_Task directions:_
Among the entries below, find the line with "- person [10,313,27,332]", then quote it and each following line up to and including the line with "- chair [376,374,437,464]", and nothing else.

(Recorded data)

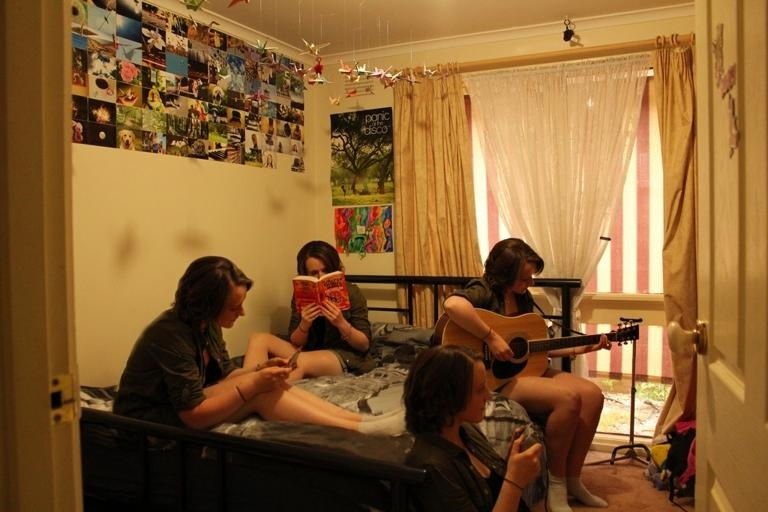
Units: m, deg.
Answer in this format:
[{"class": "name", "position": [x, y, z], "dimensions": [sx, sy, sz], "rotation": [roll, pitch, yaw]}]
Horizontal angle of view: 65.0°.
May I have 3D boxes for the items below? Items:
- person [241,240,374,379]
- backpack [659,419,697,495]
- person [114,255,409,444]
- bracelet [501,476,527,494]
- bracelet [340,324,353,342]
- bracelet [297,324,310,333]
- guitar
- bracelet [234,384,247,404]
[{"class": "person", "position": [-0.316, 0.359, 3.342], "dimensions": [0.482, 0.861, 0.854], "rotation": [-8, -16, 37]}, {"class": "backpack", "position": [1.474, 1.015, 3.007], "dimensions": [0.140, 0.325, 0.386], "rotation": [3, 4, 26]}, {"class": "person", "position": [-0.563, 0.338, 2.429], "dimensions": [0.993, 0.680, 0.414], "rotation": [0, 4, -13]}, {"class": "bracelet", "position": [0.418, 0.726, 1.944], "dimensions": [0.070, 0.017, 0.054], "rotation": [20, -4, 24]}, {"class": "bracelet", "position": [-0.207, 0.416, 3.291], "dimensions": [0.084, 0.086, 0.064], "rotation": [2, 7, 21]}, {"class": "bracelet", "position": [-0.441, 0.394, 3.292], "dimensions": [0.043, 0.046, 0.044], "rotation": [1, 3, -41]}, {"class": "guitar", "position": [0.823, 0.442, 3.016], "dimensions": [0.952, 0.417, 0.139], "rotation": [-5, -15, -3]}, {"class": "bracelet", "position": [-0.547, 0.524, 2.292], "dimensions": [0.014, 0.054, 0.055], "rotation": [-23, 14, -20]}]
--
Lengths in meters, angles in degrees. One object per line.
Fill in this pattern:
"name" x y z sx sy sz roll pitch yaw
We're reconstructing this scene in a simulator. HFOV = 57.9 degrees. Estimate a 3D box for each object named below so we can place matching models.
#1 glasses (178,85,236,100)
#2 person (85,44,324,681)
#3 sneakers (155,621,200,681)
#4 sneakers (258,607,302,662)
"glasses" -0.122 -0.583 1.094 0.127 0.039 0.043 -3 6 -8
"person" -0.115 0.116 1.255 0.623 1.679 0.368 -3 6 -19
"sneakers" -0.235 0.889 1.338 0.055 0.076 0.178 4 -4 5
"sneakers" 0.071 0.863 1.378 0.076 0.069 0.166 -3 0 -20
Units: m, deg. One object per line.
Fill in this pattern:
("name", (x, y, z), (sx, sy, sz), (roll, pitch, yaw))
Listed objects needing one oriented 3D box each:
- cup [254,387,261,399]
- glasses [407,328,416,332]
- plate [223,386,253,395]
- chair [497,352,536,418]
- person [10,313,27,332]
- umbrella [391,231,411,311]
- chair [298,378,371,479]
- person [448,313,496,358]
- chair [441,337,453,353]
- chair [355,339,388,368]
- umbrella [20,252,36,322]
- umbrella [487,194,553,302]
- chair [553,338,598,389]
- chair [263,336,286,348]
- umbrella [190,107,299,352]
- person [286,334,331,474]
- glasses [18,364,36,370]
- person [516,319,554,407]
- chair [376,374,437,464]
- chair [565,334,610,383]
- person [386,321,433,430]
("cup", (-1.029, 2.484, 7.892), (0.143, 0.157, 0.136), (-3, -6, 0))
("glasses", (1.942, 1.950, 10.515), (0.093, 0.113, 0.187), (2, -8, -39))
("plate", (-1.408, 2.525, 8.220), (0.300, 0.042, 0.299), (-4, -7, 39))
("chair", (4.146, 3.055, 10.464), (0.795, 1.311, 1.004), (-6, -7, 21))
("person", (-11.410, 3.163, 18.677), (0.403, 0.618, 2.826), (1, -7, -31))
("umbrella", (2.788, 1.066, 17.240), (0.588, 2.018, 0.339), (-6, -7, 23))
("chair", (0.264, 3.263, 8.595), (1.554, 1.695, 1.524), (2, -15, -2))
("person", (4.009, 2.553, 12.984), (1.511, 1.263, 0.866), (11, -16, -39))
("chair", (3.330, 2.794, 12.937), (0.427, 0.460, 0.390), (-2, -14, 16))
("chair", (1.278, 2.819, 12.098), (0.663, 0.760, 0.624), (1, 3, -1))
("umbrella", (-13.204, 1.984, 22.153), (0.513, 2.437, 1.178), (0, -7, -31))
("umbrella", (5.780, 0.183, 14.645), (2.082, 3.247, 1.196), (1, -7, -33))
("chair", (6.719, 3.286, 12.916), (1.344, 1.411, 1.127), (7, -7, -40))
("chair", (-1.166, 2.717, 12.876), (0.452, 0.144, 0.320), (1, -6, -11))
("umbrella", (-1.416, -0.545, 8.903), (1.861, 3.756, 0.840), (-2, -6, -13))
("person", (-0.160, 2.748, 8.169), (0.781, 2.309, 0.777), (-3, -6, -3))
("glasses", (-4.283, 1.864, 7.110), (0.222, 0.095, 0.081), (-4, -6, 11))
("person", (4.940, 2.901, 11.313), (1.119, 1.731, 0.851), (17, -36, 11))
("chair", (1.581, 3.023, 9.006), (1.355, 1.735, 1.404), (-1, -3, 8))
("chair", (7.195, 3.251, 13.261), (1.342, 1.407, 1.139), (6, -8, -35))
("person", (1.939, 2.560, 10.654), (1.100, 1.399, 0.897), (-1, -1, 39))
* * *
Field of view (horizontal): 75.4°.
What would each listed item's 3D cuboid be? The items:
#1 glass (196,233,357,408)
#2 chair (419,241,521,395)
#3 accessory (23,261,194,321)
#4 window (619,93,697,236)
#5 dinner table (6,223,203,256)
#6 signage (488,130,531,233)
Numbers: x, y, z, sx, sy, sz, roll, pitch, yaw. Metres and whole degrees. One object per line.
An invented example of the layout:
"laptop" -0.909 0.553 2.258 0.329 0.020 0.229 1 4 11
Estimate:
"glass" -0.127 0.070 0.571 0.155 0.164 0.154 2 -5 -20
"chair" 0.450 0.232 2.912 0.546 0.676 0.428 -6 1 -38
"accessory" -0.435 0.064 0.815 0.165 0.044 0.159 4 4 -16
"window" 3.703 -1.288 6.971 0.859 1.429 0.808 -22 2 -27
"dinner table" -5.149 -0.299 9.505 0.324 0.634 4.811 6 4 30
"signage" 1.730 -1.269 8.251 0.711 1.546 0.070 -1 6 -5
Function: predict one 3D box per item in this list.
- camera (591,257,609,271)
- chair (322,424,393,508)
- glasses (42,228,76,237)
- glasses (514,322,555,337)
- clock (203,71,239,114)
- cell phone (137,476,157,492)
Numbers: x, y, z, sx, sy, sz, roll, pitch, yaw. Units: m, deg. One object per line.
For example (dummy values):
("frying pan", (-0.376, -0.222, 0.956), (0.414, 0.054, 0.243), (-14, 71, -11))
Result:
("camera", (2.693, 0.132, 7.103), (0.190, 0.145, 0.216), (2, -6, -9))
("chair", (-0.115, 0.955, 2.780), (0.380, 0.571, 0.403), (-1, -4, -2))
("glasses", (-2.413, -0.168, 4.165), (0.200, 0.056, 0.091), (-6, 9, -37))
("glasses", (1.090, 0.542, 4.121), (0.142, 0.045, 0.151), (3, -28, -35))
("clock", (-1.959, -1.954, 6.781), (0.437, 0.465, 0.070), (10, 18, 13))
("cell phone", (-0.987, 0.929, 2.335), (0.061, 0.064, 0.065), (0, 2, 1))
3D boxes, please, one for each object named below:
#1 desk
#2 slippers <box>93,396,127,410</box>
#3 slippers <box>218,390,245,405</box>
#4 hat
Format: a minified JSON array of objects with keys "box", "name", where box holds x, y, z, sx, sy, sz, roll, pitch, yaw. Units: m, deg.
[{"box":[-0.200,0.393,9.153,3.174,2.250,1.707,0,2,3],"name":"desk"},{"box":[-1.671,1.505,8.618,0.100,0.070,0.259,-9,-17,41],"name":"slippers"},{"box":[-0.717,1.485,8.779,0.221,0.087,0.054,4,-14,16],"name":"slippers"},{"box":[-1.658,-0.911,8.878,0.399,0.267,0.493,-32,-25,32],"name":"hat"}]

_Response:_
- person [10,313,27,332]
- umbrella [391,231,411,311]
- chair [298,378,371,479]
- person [448,313,496,358]
- chair [441,337,453,353]
- chair [355,339,388,368]
- umbrella [20,252,36,322]
- umbrella [487,194,553,302]
- chair [553,338,598,389]
- chair [263,336,286,348]
- umbrella [190,107,299,352]
- person [286,334,331,474]
- glasses [18,364,36,370]
- person [516,319,554,407]
- chair [376,374,437,464]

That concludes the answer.